═══ Source information

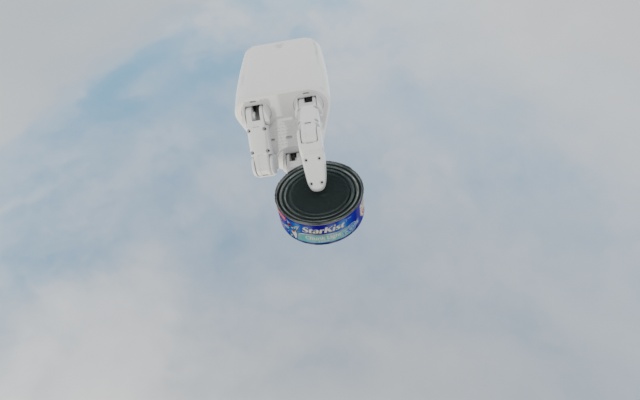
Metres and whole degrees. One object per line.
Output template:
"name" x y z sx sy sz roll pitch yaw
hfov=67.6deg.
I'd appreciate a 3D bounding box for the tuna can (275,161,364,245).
"tuna can" 0.000 0.002 0.467 0.086 0.086 0.034 0 -44 9

══════

### Task:
Give the records a second time exactly, keeping the images out.

### Answer below:
Metres and whole degrees. One object per line.
Output template:
"name" x y z sx sy sz roll pitch yaw
hfov=67.6deg.
I'd appreciate a 3D bounding box for the tuna can (275,161,364,245).
"tuna can" 0.000 0.002 0.467 0.086 0.086 0.034 0 -44 9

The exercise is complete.